Hanson contested the spill, although the Liberal Party did not release the caucus vote numbers.

Following the spill, Hanson said he was "disappointed" but would "continue to work hard for our community as a loyal and passionate member of the Canberra Liberals team". A shadow cabinet reshuffle three days later on 7 December saw Hanson moved to the backbench.

===Candidates===

| Candidate |  |  | Electorate | Faction | Announced |
|---|---|---|---|---|---|
|  |  | Leanne Castley | Yerrabi | Moderate | 4 December 2023 |
|  |  | Jeremy Hanson | Murrumbidgee | Conservative | 4 December 2023 |

===Results===

2023 Canberra Liberals deputy leadership spill
| Faction |  | Candidate | Votes | % | ±% |
|---|---|---|---|---|---|
|  | Moderate | Leanne Castley | 5 or more |  |  |
|  | Conservative | Jeremy Hanson | 4 or less |  |  |
| Total votes |  |  | 9 |  |  |

==2024 spill==

The 2024 Canberra Liberals leadership spill was held on 31 October 2024.
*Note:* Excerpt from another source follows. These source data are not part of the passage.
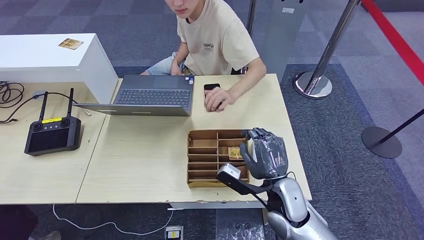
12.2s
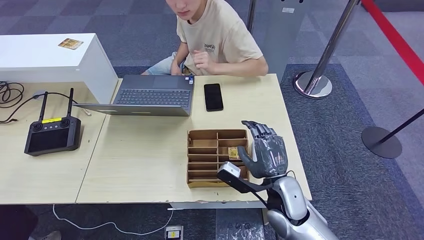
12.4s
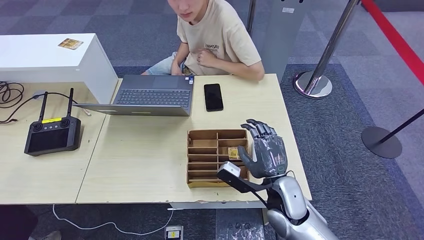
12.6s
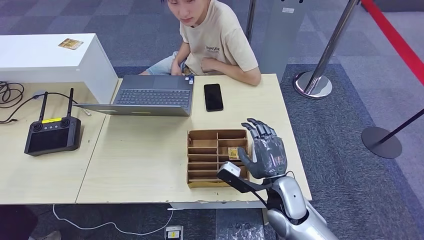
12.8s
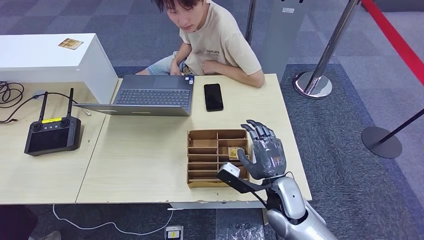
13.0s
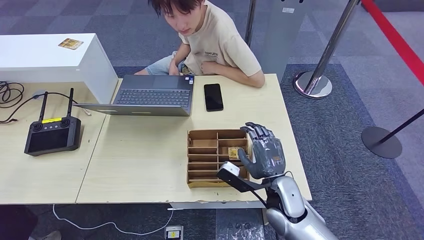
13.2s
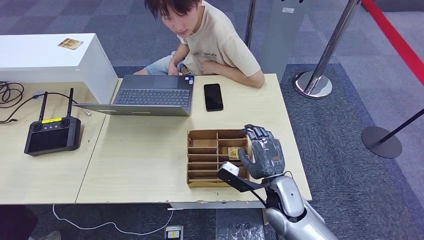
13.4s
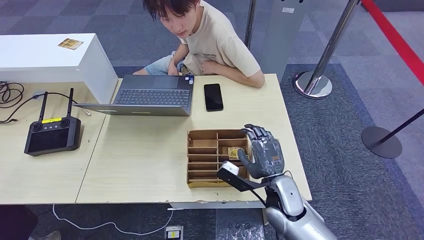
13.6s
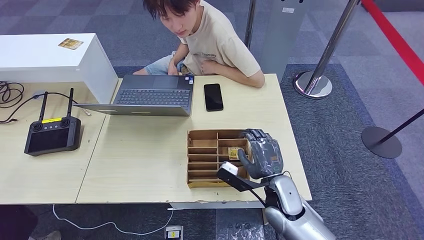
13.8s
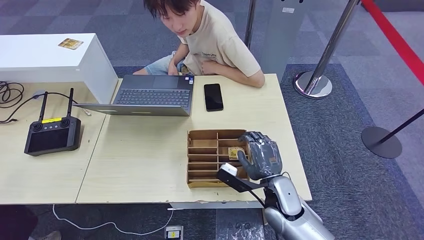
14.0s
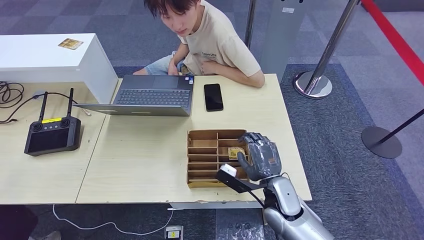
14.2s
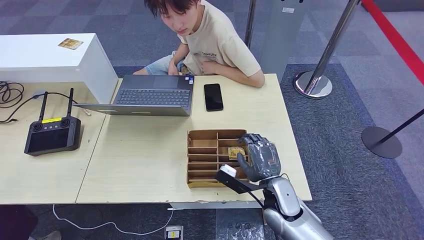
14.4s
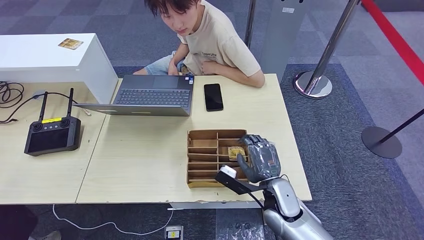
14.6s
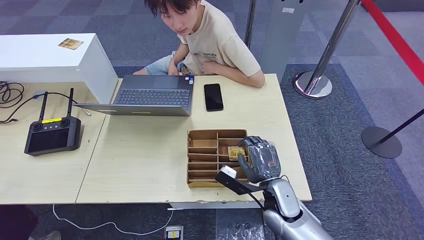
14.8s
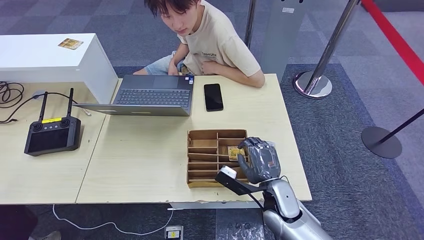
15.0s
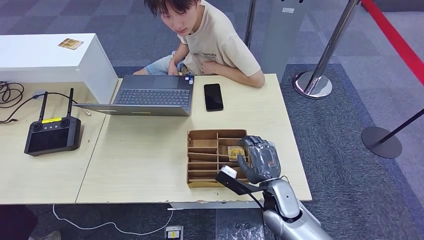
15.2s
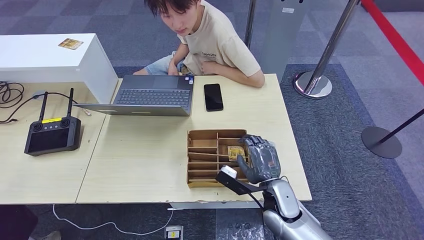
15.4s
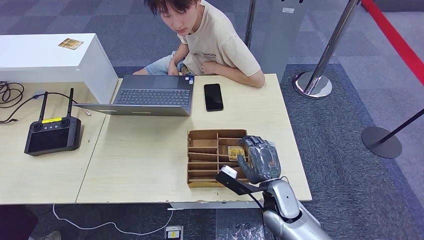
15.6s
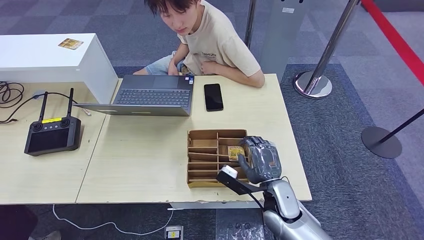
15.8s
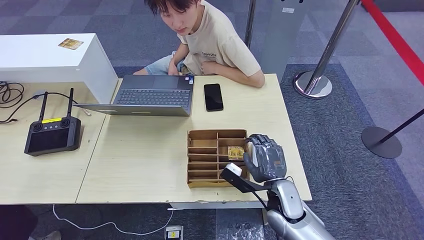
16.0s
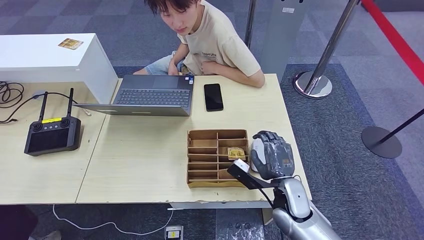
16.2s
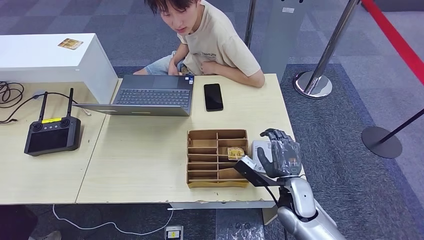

Following the Liberal Party's seventh consecutive loss at the 2024 ACT election, former Liberal leader Jeremy Hanson announced his candidacy on 21 October. Elizabeth Lee announced on 29 October that she would recontest, and received the support of Brindabella MLA Mark Parton.

However, one day before the vote, Hanson withdrew from the leadership contest and agreed to support deputy leader Leanne Castley instead. Castley won the leadership election 5 votes to 4 votes, while Hanson was elected deputy leader against Parton (also 5−4).

===Candidates===

| Candidate |  |  | Electorate | Faction | Announced |
|---|---|---|---|---|---|
|  |  | Elizabeth Lee | Kurrajong | Moderate | 29 October 2024 |
|  |  | Leanne Castley | Yerrabi | Moderate | 30 October 2024 |
|  |  | Jeremy Hanson (withdrew) | Murrumbidgee | Conservative | 21 October 2024 |

===Results===

2024 Canberra Liberals leadership election
| Faction |  | Candidate | Votes | % | ±% |
|---|---|---|---|---|---|
|  | Moderate | Leanne Castley | 5 | 55.5 |  |
|  | Moderate | Elizabeth Lee | 4 | 44.5 |  |
| Total votes |  |  | 9 | 100.0 |  |

== 2025 spill ==

The 2025 Canberra Liberals leadership spill was held on 10 November 2025.

Leader Leanne Castley and Deputy Leader Jeremy Hanson resigned on 10 November and announced that neither would be re-contesting.

Mark Parton and Deborah Morris contested Leadership and Deputy Leadership respectively and we both elected unanimously.